Но внутри самой России, где, в отличие от стран Запада, не только отсутствовала культура повседневного потребления светского печатного слова, но и общий уровень грамотности населения был катастрофически низким по сравнению с европейскими странами, подобные методы не могли быть сколько-нибудь эффективными. По сути, единственным инструментом прямого социального воздействия в этой ситуации могла быть церковная проповедь, теоретически доступная для устного восприятия максимальному количеству

людей. Вследствие этого по настоящему эффективным проводником новой идеологии чисто технически могла служить только церковь. Разъяснение тех или иных государственных задач с амвона церкви, доступным для слушателей языком и понятной им системой образов стало важнейшей составляющей идеологической политики Петра I.

В начале XVIII столетия проповедническое искусство занимало совершенно особенное место в отечественной повседневной культуре. Еще во второй половине предыдущего, XVII столетия, в России был накоплен определенный опыт барочного просветительского проповедничества в латино-польском варианте, ориентированного на сообщение пастве знаний вероучительного и нравственного характера [11]. При этом довольно долгое время сам круг внимавшей проповеднику паствы оставался крайне незначительным, редко выходя за пределы придворного сообщества царей Алексея Михайловича или Федора Алексеевича. Образцы красноречия Симеона Полоцкого в большей степени были придворным интеллектуальным развлечением, чем инструментом социального воздействия. Как уже отмечалось в исследовательской литературе, «в России проповедь первоначально оказывается не регулярной практикой каждого священника, а ученым занятием ученого монашества» [8, с. 245]. Но теперь этот опыт предстояло развить в новых условиях, вывести за пределы придворной культурной среды, многократно расширив аудиторию и существенно изменив содержательную часть проповеди в пользу государственного интереса. Именно в этой попытке возложить на иерархию выполнение утилитарных государственных задач, наполнить ее речь «чисто гражданским содержанием» [4, с. 215] видится первый шаг на пути полноценного подчинения церкви государству, совершившегося в период петровского царствования.

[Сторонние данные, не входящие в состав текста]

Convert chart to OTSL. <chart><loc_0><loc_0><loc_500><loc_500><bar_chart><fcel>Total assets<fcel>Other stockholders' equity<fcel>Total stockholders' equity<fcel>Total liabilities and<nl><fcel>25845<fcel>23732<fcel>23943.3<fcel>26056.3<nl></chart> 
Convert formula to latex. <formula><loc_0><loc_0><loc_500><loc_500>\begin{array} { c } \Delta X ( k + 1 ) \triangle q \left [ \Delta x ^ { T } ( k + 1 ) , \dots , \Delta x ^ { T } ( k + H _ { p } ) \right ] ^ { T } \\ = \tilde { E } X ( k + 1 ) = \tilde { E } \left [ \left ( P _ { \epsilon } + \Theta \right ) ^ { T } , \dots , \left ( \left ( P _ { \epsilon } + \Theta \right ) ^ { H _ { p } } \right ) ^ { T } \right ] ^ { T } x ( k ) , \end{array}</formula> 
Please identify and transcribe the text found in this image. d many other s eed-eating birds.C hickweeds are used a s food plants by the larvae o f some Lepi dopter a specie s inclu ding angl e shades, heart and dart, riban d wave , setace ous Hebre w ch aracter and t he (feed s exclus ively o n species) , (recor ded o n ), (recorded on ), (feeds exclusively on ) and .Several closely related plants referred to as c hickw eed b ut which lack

Но реализация этого механизма неизбежно столкнулась с рядом трудностей. Прежде всего из-за сопротивления самого духовенства, сразу оказавшегося в первых рядах критиков секулярной политики Петра I. Первоначальное восприятие петровских преобразований встретило в церковной среде резко отрицательный характер. Решительная секуляризация всех без исключения государственных и социальной практик, регулярно сопровождаемая подчеркнутой антиклерикальной пропагандой (принимающей порой гротескный характер), вызывала естественное отторжение среди духовенства. Степень этого отторжения можно косвенно оценить по материалам дел Преображенского приказа, выполнявшего в петровское царствование роль тайной политической полиции. По подсчетам Н. Б. Голиковой, исследовавшей весь массив материалов фонда Преображенского приказа, до одной трети хранящихся в нем дел было так или иначе связано с «непристойными речами» духовенства [3, с. 130]. Под «непристойными речами» понимались отдельные выступления против Петра I и проводимой им политики, открытое выражение сомнений в его «истинности», утверждение о том, что он является антихристом, порицание его повседневного поведения, не соответствующего царскому сану, жалобы на введение иностранных обычаев, разговоры о пренебрежении царя к православию и т. п. Данные проявления нелояльности, несмотря на достаточную их массовость, носили частный характер и не принимали каких-либо организованных форм. Такое же

неприятие петровских преобразований просматривается в делах, связанных с громкими политическими процессами, в ходе которых привлекались представители епископата (дело Г. Талицкого, дело царицы Евдокии, дела митрополита Игнатия (Смолы), епископа Досифея (Глебова), митрополита Иоасафа (Краковского) и др.). При этом, как явствует из большинства дел, негативные оценки личности и поступков Петра I не носили публичного характера, ограничиваясь рамками частных суждений («комнатных разговоров»). Но имели место и попытки антипетровской пропагандистской публицистики — в виде обличительных «листков» и «тетрадок», создававшихся в монастырской среде (именно это обстоятельство повлекло за собой указ 1701 г., строго запрещавший монахам держать в кельях бумагу, чернила и писать что-либо «без повеления начального» [17, № 1834]).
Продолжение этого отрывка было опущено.